The last visit was to a CBO that is a sports club for deaf young people.  It was started in 2005 after the Athens Special Olympics and has about 250 deaf members who come to the center to play different sports – including soccer.  This club just started a beachside café to help generate income for the club but to also give the deaf youth some opportunities for employment and training.  So we sat in the shade on the beach watching the waves do wavey things and chatted with the youth and the board members of the club.  I had asked about the profitability of the café and they admitted that it wasn’t really generating much profit, but it has gotten a LOT of publicity and it’s been great for the deaf youth to be able to run the café and learn business skills.  They said a lot of families with disabled members will come to this particular beachside café because they now consider it “theirs” – even the ones who aren’t members in the club.

It sort of looks like Gazans do the beach scene.  There are all these kiosks of bamboo and thatch up and down the beach with beach umbrellas and food and so forth.  My host told me that there used to be actual resorts and hotels along the beach, but during the war, these were all bombed and bulldozed by the Israelis to prevent them being used as bases for incursions – so now people just built everything from bamboo and thatch with netting because it’s easier to rebuild after a bombing.

One twist is that there are these little cubicles set up along the beach about 3 meters on a side, made of burlap and open to the sky.  I was told that families will come to the beach – usually in the cool of the day after noon - and rent one of these cubicles.  The purpose of the cubicles is so that the women of the family can have privacy and can take off their robes and headscarves and eat at the beach.  The young people hang out in the public area together, but these cubicles are the for the families and especially the married women.  We saw a family come down and rent one of those.  There were about 12 people or so ranging from grandfather to uncles to aunts to little kids.  They’d brought their own food in big baskets and they set up shop around one of the cubicles.  The men sort of lounged around outside while the women hung around inside and the kids ran back and forth.  There was one little kid about Gabriel’s age toddling around with his 7 or 8 year old sister and it made me go “awwww”.

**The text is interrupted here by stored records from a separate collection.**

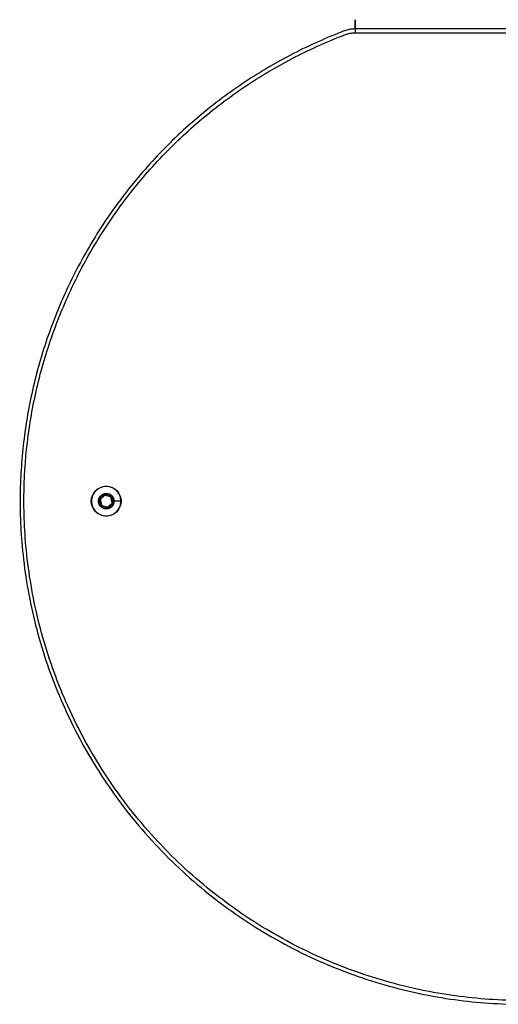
# Model space of a CAD drawing. Header units: millimetres. Extents: x -1403 to -1077, y -291 to 31.
# Tile 1 of 2: x -1403 to -1248, y -288 to 31. Entities that reach past the tile are written whole.
import ezdxf

# ---------------------------------------------------------------- set-up
doc = ezdxf.new("R2010")
doc.units = ezdxf.units.MM
doc.header["$MEASUREMENT"] = 0
doc.layers.add('Screws', color=7, linetype='Continuous', true_color=0x000000)
doc.layers.add('Upholstery', color=7, linetype='Continuous', true_color=0x575757)

msp = doc.modelspace()

# ---------------------------------------------------------------- linework, layer by layer
at = {"layer": 'Screws'}
for p, q in [((-1375.45, -123.02, 765.69), (-1376.93, -124.41, 765.69)), ((-1374.52, -126.98, 765.69), (-1373.03, -125.59, 765.69)), ((-1370.16, -125, 764.14), (-1372.48, -125, 766.47))]:
    msp.add_line(p, q, dxfattribs=at)
for centre, radius in [((-1374.98, -125, 764.14), 4.83), ((-1374.98, -125, 766.47), 2.5)]:
    msp.add_circle(centre, radius, dxfattribs=at)
msp.add_open_spline([(-1370.23, -125, 763.97), (-1370.23, -125.6, 763.97), (-1370.46, -126.84, 763.97), (-1371.52, -128.46, 763.97), (-1373.14, -129.52, 763.97), (-1374.98, -129.87, 763.97), (-1376.83, -129.52, 763.97), (-1378.44, -128.46, 763.97), (-1379.51, -126.84, 763.97), (-1379.86, -125, 763.97), (-1379.51, -123.16, 763.97), (-1378.44, -121.54, 763.97), (-1376.83, -120.48, 763.97), (-1374.98, -120.13, 763.97), (-1373.14, -120.48, 763.97), (-1371.52, -121.54, 763.97), (-1370.46, -123.16, 763.97), (-1370.23, -124.4, 763.97), (-1370.23, -125, 763.97)], degree=3, knots=[0, 0, 0, 0, 1.793748, 3.737285, 5.680821, 7.474569, 9.268317, 11.211854, 13.15539, 14.949138, 16.742886, 18.686423, 20.629959, 22.423707, 24.217455, 26.160992, 28.104529, 29.898276, 29.898276, 29.898276, 29.898276], dxfattribs=at)
msp.add_rational_spline([(-1372.48, -125, 776.37), (-1372.48, -122.5, 776.37), (-1374.98, -122.5, 776.37), (-1377.48, -122.5, 776.37), (-1377.48, -125, 776.37), (-1377.48, -127.5, 776.37), (-1374.98, -127.5, 776.37), (-1372.48, -127.5, 776.37), (-1372.48, -125, 776.37)], [1, 0.707106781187, 1, 0.707106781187, 1, 0.707106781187, 1, 0.707106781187, 1], degree=2, knots=[0, 0, 0, 3.769816, 3.769816, 7.539632, 7.539632, 11.309448, 11.309448, 15.079264, 15.079264, 15.079264], dxfattribs=at)
for points, degree in [([(-1372.58, -125, 776.47), (-1372.58, -124.69, 776.47), (-1372.71, -124.06, 776.47), (-1373.24, -123.26, 776.47), (-1374.04, -122.72, 776.47), (-1374.98, -122.54, 776.47), (-1375.93, -122.72, 776.47), (-1376.73, -123.26, 776.47), (-1377.26, -124.06, 776.47), (-1377.45, -125, 776.47), (-1377.26, -125.94, 776.47), (-1376.73, -126.74, 776.47), (-1375.93, -127.28, 776.47), (-1374.98, -127.46, 776.47), (-1374.04, -127.28, 776.47), (-1373.24, -126.74, 776.47), (-1372.71, -125.94, 776.47), (-1372.58, -125.31, 776.47), (-1372.58, -125, 776.47)], 3), ([(-1377.07, -124.27, 763.97), (-1376.33, -123.57, 763.97), (-1375.59, -122.87, 763.97)], 2), ([(-1377, -124.34, 764.07), (-1376.26, -123.64, 764.07), (-1375.52, -122.95, 764.07)], 2), ([(-1375.52, -122.95, 765.59), (-1376.26, -123.64, 765.59), (-1377, -124.34, 765.59)], 2), ([(-1375.39, -122.83, 763.97), (-1375.49, -122.85, 763.97), (-1375.59, -122.87, 763.97)], 2), ([(-1375.52, -122.95, 764.07), (-1375.55, -122.91, 764.02), (-1375.59, -122.87, 763.97)], 2), ([(-1375.52, -122.95, 765.59), (-1375.47, -122.93, 765.59), (-1375.42, -122.92, 765.59)], 2), ([(-1375.42, -122.92, 764.07), (-1375.47, -122.93, 764.07), (-1375.52, -122.95, 764.07)], 2), ([(-1375.52, -122.95, 765.59), (-1375.52, -122.95, 764.83), (-1375.52, -122.95, 764.07)], 2), ([(-1375.45, -123.02, 765.69), (-1375.49, -122.98, 765.64), (-1375.52, -122.95, 765.59)], 2), ([(-1375.42, -122.92, 765.59), (-1375.44, -122.97, 765.64), (-1375.45, -123.02, 765.69)], 2), ([(-1373.5, -123.6, 765.69), (-1374.48, -123.31, 765.69), (-1375.45, -123.02, 765.69)], 2), ([(-1375.39, -122.83, 763.97), (-1375.41, -122.87, 764.02), (-1375.42, -122.92, 764.07)], 2), ([(-1375.42, -122.92, 764.07), (-1374.45, -123.22, 764.07), (-1373.47, -123.51, 764.07)], 2), ([(-1373.47, -123.51, 765.59), (-1374.45, -123.22, 765.59), (-1375.42, -122.92, 765.59)], 2), ([(-1375.42, -122.92, 765.59), (-1375.42, -122.92, 764.83), (-1375.42, -122.92, 764.07)], 2), ([(-1375.39, -122.83, 763.97), (-1374.42, -123.12, 763.97), (-1373.44, -123.41, 763.97)], 2), ([(-1373.5, -123.6, 765.69), (-1373.49, -123.56, 765.64), (-1373.47, -123.51, 765.59)], 2), ([(-1373.4, -123.58, 765.59), (-1373.45, -123.59, 765.64), (-1373.5, -123.6, 765.69)], 2), ([(-1373.03, -125.59, 765.69), (-1373.27, -124.59, 765.69), (-1373.5, -123.6, 765.69)], 2), ([(-1373.47, -123.51, 764.07), (-1373.46, -123.46, 764.02), (-1373.44, -123.41, 763.97)], 2), ([(-1373.47, -123.51, 765.59), (-1373.47, -123.51, 764.83), (-1373.47, -123.51, 764.07)], 2), ([(-1373.47, -123.51, 765.59), (-1373.44, -123.54, 765.59), (-1373.4, -123.58, 765.59)], 2), ([(-1373.4, -123.58, 764.07), (-1373.44, -123.54, 764.07), (-1373.47, -123.51, 764.07)], 2), ([(-1373.31, -123.56, 763.97), (-1373.38, -123.49, 763.97), (-1373.44, -123.41, 763.97)], 2), ([(-1373.31, -123.56, 763.97), (-1373.36, -123.57, 764.02), (-1373.4, -123.58, 764.07)], 2), ([(-1373.4, -123.58, 765.59), (-1373.4, -123.58, 764.83), (-1373.4, -123.58, 764.07)], 2), ([(-1373.4, -123.58, 764.07), (-1373.17, -124.57, 764.07), (-1372.94, -125.56, 764.07)], 2), ([(-1372.94, -125.56, 765.59), (-1373.17, -124.57, 765.59), (-1373.4, -123.58, 765.59)], 2), ([(-1373.31, -123.56, 763.97), (-1373.07, -124.55, 763.97), (-1372.84, -125.54, 763.97)], 2), ([(-1377.13, -124.46, 763.97), (-1377.1, -124.36, 763.97), (-1377.07, -124.27, 763.97)], 2), ([(-1377.03, -124.44, 764.07), (-1377.08, -124.45, 764.02), (-1377.13, -124.46, 763.97)], 2), ([(-1376.66, -126.44, 763.97), (-1376.9, -125.45, 763.97), (-1377.13, -124.46, 763.97)], 2), ([(-1377.07, -124.27, 763.97), (-1377.04, -124.31, 764.02), (-1377, -124.34, 764.07)], 2), ([(-1377.03, -124.44, 765.59), (-1377.02, -124.39, 765.59), (-1377, -124.34, 765.59)], 2), ([(-1377, -124.34, 764.07), (-1377.02, -124.39, 764.07), (-1377.03, -124.44, 764.07)], 2), ([(-1376.93, -124.41, 765.69), (-1376.98, -124.43, 765.64), (-1377.03, -124.44, 765.59)], 2), ([(-1376.56, -126.42, 764.07), (-1376.8, -125.43, 764.07), (-1377.03, -124.44, 764.07)], 2), ([(-1377.03, -124.44, 765.59), (-1376.8, -125.43, 765.59), (-1376.56, -126.42, 765.59)], 2), ([(-1377.03, -124.44, 764.07), (-1377.03, -124.44, 764.83), (-1377.03, -124.44, 765.59)], 2), ([(-1377, -124.34, 764.07), (-1377, -124.34, 764.83), (-1377, -124.34, 765.59)], 2), ([(-1377, -124.34, 765.59), (-1376.97, -124.38, 765.64), (-1376.93, -124.41, 765.69)], 2), ([(-1376.93, -124.41, 765.69), (-1376.7, -125.41, 765.69), (-1376.47, -126.4, 765.69)], 2), ([(-1376.66, -126.44, 763.97), (-1376.61, -126.43, 764.02), (-1376.56, -126.42, 764.07)], 2), ([(-1376.66, -126.44, 763.97), (-1376.59, -126.51, 763.97), (-1376.52, -126.59, 763.97)], 2), ([(-1376.56, -126.42, 765.59), (-1376.52, -126.41, 765.64), (-1376.47, -126.4, 765.69)], 2), ([(-1376.56, -126.42, 765.59), (-1376.56, -126.42, 764.83), (-1376.56, -126.42, 764.07)], 2), ([(-1376.5, -126.49, 765.59), (-1376.53, -126.46, 765.59), (-1376.56, -126.42, 765.59)], 2), ([(-1376.56, -126.42, 764.07), (-1376.53, -126.46, 764.07), (-1376.5, -126.49, 764.07)], 2), ([(-1376.5, -126.49, 764.07), (-1376.51, -126.54, 764.02), (-1376.52, -126.59, 763.97)], 2), ([(-1374.57, -127.17, 763.97), (-1375.55, -126.88, 763.97), (-1376.52, -126.59, 763.97)], 2), ([(-1376.47, -126.4, 765.69), (-1376.48, -126.44, 765.64), (-1376.5, -126.49, 765.59)], 2), ([(-1376.5, -126.49, 765.59), (-1375.52, -126.78, 765.59), (-1374.55, -127.08, 765.59)], 2), ([(-1374.55, -127.08, 764.07), (-1375.52, -126.78, 764.07), (-1376.5, -126.49, 764.07)], 2), ([(-1376.5, -126.49, 765.59), (-1376.5, -126.49, 764.83), (-1376.5, -126.49, 764.07)], 2), ([(-1376.47, -126.4, 765.69), (-1375.49, -126.69, 765.69), (-1374.52, -126.98, 765.69)], 2), ([(-1374.57, -127.17, 763.97), (-1374.56, -127.13, 764.02), (-1374.55, -127.08, 764.07)], 2), ([(-1374.57, -127.17, 763.97), (-1374.48, -127.15, 763.97), (-1374.38, -127.13, 763.97)], 2), ([(-1374.55, -127.08, 765.59), (-1374.53, -127.03, 765.64), (-1374.52, -126.98, 765.69)], 2), ([(-1374.55, -127.08, 764.07), (-1374.5, -127.07, 764.07), (-1374.45, -127.05, 764.07)], 2), ([(-1374.45, -127.05, 765.59), (-1374.5, -127.07, 765.59), (-1374.55, -127.08, 765.59)], 2), ([(-1374.55, -127.08, 765.59), (-1374.55, -127.08, 764.83), (-1374.55, -127.08, 764.07)], 2), ([(-1374.52, -126.98, 765.69), (-1374.48, -127.02, 765.64), (-1374.45, -127.05, 765.59)], 2), ([(-1374.45, -127.05, 765.59), (-1373.71, -126.36, 765.59), (-1372.97, -125.66, 765.59)], 2), ([(-1372.97, -125.66, 764.07), (-1373.71, -126.36, 764.07), (-1374.45, -127.05, 764.07)], 2), ([(-1374.45, -127.05, 765.59), (-1374.45, -127.05, 764.83), (-1374.45, -127.05, 764.07)], 2), ([(-1374.45, -127.05, 764.07), (-1374.41, -127.09, 764.02), (-1374.38, -127.13, 763.97)], 2), ([(-1372.9, -125.73, 763.97), (-1373.64, -126.43, 763.97), (-1374.38, -127.13, 763.97)], 2), ([(-1373.03, -125.59, 765.69), (-1372.99, -125.57, 765.64), (-1372.94, -125.56, 765.59)], 2), ([(-1372.97, -125.66, 765.59), (-1373, -125.62, 765.64), (-1373.03, -125.59, 765.69)], 2), ([(-1372.94, -125.56, 765.59), (-1372.95, -125.61, 765.59), (-1372.97, -125.66, 765.59)], 2), ([(-1372.97, -125.66, 764.07), (-1372.95, -125.61, 764.07), (-1372.94, -125.56, 764.07)], 2), ([(-1372.97, -125.66, 765.59), (-1372.97, -125.66, 764.83), (-1372.97, -125.66, 764.07)], 2), ([(-1372.9, -125.73, 763.97), (-1372.93, -125.7, 764.02), (-1372.97, -125.66, 764.07)], 2), ([(-1372.94, -125.56, 764.07), (-1372.89, -125.55, 764.02), (-1372.84, -125.54, 763.97)], 2), ([(-1372.94, -125.56, 765.59), (-1372.94, -125.56, 764.83), (-1372.94, -125.56, 764.07)], 2), ([(-1372.9, -125.73, 763.97), (-1372.87, -125.64, 763.97), (-1372.84, -125.54, 763.97)], 2), ([(-1372.48, -125, 776.37), (-1372.53, -125, 776.42), (-1372.58, -125, 776.47)], 2), ([(-1372.48, -125, 766.47), (-1372.48, -125, 771.42), (-1372.48, -125, 776.37)], 2), ([(-1370.16, -125, 764.14), (-1370.19, -125, 764.05), (-1370.23, -125, 763.97)], 2)]:
    msp.add_open_spline(points, degree=degree, dxfattribs=at)
at = {"layer": 'Upholstery'}
for points, knots in [([(-1294.44, 27.81, 770.27), (-1294.44, 27.81, 772.87), (-1294.44, 27.82, 775.55), (-1294.44, 27.81, 778.29), (-1294.44, 27.81, 778.58), (-1294.44, 27.8, 778.81), (-1294.44, 27.76, 779.02), (-1294.44, 27.82, 779.07), (-1294.44, 27.9, 779.09), (-1294.44, 28.03, 779.08), (-1294.44, 28.18, 779.09), (-1294.44, 28.48, 779.09), (-1294.44, 29.01, 779.07), (-1294.44, 29.48, 779.07), (-1294.44, 29.74, 779.64), (-1294.44, 29.93, 780.29), (-1294.44, 30.33, 783.07), (-1294.44, 30.69, 786.07), (-1294.44, 30.79, 788.35), (-1294.44, 30.82, 790.15), (-1294.44, 30.53, 792.05), (-1294.44, 30.39, 795.23), (-1294.44, 29.79, 797.45), (-1294.44, 29.08, 798.3), (-1294.44, 28.52, 798.89), (-1294.44, 27.1, 799.04), (-1294.44, 26.89, 799.01), (-1294.44, 26.64, 798.89), (-1294.44, 26.56, 798.69), (-1294.44, 26.57, 798.53), (-1294.44, 26.58, 798.42), (-1294.44, 26.58, 798.35)], [0, 0, 0, 0, 9.632723, 9.910905, 10.135498, 10.698009, 10.79022, 10.878, 10.94441, 11.053777, 11.241539, 11.402202, 11.943704, 12.835467, 12.867043, 13.040982, 18.106135, 21.972645, 24.631384, 26.503134, 28.637351, 31.698859, 36.969047, 37.700898, 38.074497, 38.361034, 38.585151, 38.703088, 38.841033, 39.037842, 39.264103, 39.264103, 39.264103, 39.264103]), ([(-1294.44, 27.81, 770.27), (-1294.89, 27.81, 770.27), (-1295.78, 27.75, 770.27), (-1296.87, 27.52, 770.27), (-1297.57, 27.31, 770.27), (-1297.84, 27.21, 770.27), (-1298.36, 27.01, 770.27), (-1300.18, 26.3, 770.27), (-1307.47, 23.34, 770.27), (-1319.59, 17.44, 770.27), (-1335, 7.68, 770.27), (-1349.49, -3.98, 770.27), (-1362.72, -17.41, 770.27), (-1374.38, -32.37, 770.27), (-1384.22, -48.6, 770.27), (-1392.07, -65.74, 770.27), (-1397.81, -83.43, 770.27), (-1401.45, -101.3, 770.27), (-1403.15, -120.07, 770.27), (-1402.6, -140.48, 770.27), (-1399.01, -162.64, 770.27), (-1391.89, -185.38, 770.27), (-1381.15, -207.47, 770.27), (-1366.9, -228.08, 770.27), (-1349.52, -246.38, 770.27), (-1329.6, -261.73, 770.27), (-1307.91, -273.66, 770.27), (-1285.29, -281.99, 770.27), (-1262.57, -286.78, 770.27), (-1247.44, -287.81, 770.27), (-1240.05, -287.81, 770.27)], [0, 0, 0, 0, 1.362134, 2.728502, 3.409302, 3.578988, 3.621371, 5.083164, 9.449709, 27.247482, 45.510388, 64.138398, 83.018023, 102.026018, 121.034012, 139.913637, 158.541648, 176.804553, 194.602327, 215.081564, 237.99218, 261.856385, 286.465454, 311.56414, 336.864225, 362.063373, 386.866364, 411.005121, 434.254274, 456.440317, 456.440317, 456.440317, 456.440317]), ([(-1240.05, -286.58, 798.35), (-1247.38, -286.58, 798.35), (-1262.4, -285.55, 798.35), (-1284.95, -280.81, 798.35), (-1307.39, -272.54, 798.35), (-1328.92, -260.69, 798.35), (-1348.69, -245.46, 798.35), (-1365.94, -227.29, 798.35), (-1380.08, -206.85, 798.35), (-1390.74, -184.92, 798.35), (-1397.81, -162.35, 798.35), (-1401.36, -140.36, 798.35), (-1401.91, -120.11, 798.35), (-1400.23, -101.48, 798.35), (-1396.62, -83.74, 798.35), (-1390.91, -66.19, 798.35), (-1383.13, -49.18, 798.35), (-1373.36, -33.07, 798.35), (-1361.79, -18.22, 798.35), (-1348.66, -4.9, 798.35), (-1334.28, 6.67, 798.35), (-1318.98, 16.36, 798.35), (-1306.96, 22.22, 798.35), (-1299.73, 25.16, 798.35), (-1297.91, 25.86, 798.35), (-1297.41, 26.05, 798.35), (-1297.17, 26.14, 798.35), (-1296.57, 26.33, 798.35), (-1295.61, 26.53, 798.35), (-1294.83, 26.58, 798.35), (-1294.44, 26.58, 798.35)], [-456.440317, -456.440317, -456.440317, -456.440317, -434.254274, -411.005121, -386.866364, -362.063373, -336.864225, -311.56414, -286.465454, -261.856385, -237.99218, -215.081564, -194.602327, -176.804553, -158.541648, -139.913637, -121.034012, -102.026018, -83.018023, -64.138398, -45.510388, -27.247482, -9.449709, -5.083164, -3.621371, -3.578988, -3.409302, -2.728502, -1.362134, 0, 0, 0, 0])]:
    msp.add_open_spline(points, degree=3, knots=knots, dxfattribs=at)
for points in [[(-1185.63, 27.81, 770.27), (-1221.9, 27.81, 770.27), (-1258.17, 27.81, 770.27), (-1294.44, 27.81, 770.27)], [(-1294.44, 26.58, 798.35), (-1258.17, 26.58, 798.35), (-1221.9, 26.58, 798.35), (-1185.63, 26.58, 798.35)]]:
    msp.add_open_spline(points, degree=3, dxfattribs=at)

doc.saveas('drawing.dxf')

We were there longer than I expected because they offered to get us some lunch – cooked by the deaf youth – “it will only take a half-hour, very fast” – ha ha – 2 hours later we were served.  It was great food though – the chicken was grilled and blackened with cloves making a really interesting flavor.  Then there were the usual suspects – humus and pita bread, tarator, and other dipping sauces.  If we ever move to Gaza, you’d better love humus.  The beginning of every meal is a bowl of humus and a pile of pita bread which is ripped and dipped in the humus.
By the time I got back to the hotel, it was about 3:30 or so.  By this time, I was pretty hot and salty from sitting at the beach for two hours (under a shade, but still) and so took a shower, and then tried to slog through the rest of the dark teatime of the soul.